• What needs to be done:
Search the entries for the word "object" and report each line that has it.

• Records from a collection:

Start of Block

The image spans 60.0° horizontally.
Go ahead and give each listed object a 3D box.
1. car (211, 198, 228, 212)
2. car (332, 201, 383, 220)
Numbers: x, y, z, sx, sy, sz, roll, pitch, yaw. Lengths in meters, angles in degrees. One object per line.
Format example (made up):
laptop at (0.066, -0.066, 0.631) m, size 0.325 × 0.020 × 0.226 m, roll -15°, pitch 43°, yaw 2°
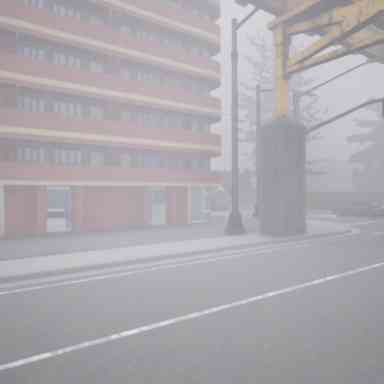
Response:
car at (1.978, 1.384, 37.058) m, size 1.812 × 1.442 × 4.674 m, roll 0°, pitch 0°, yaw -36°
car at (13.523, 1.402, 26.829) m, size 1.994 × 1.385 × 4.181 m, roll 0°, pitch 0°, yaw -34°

End of Block
Start of Block

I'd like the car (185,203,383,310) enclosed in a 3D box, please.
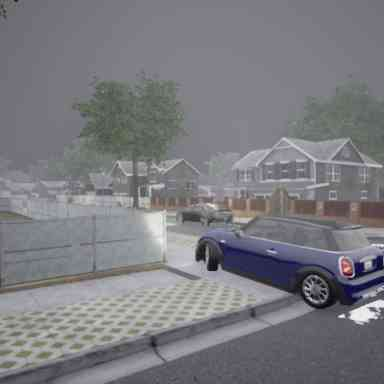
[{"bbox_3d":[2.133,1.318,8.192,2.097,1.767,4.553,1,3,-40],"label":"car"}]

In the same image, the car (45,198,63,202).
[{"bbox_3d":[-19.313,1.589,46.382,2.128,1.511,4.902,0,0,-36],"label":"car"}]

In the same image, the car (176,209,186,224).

End of Block

• Reply to the exercise:
Go ahead and give each listed object a 3D box.
Numbers: x, y, z, sx, sy, sz, roll, pitch, yaw. Lengths in meters, angles in degrees. One object per line.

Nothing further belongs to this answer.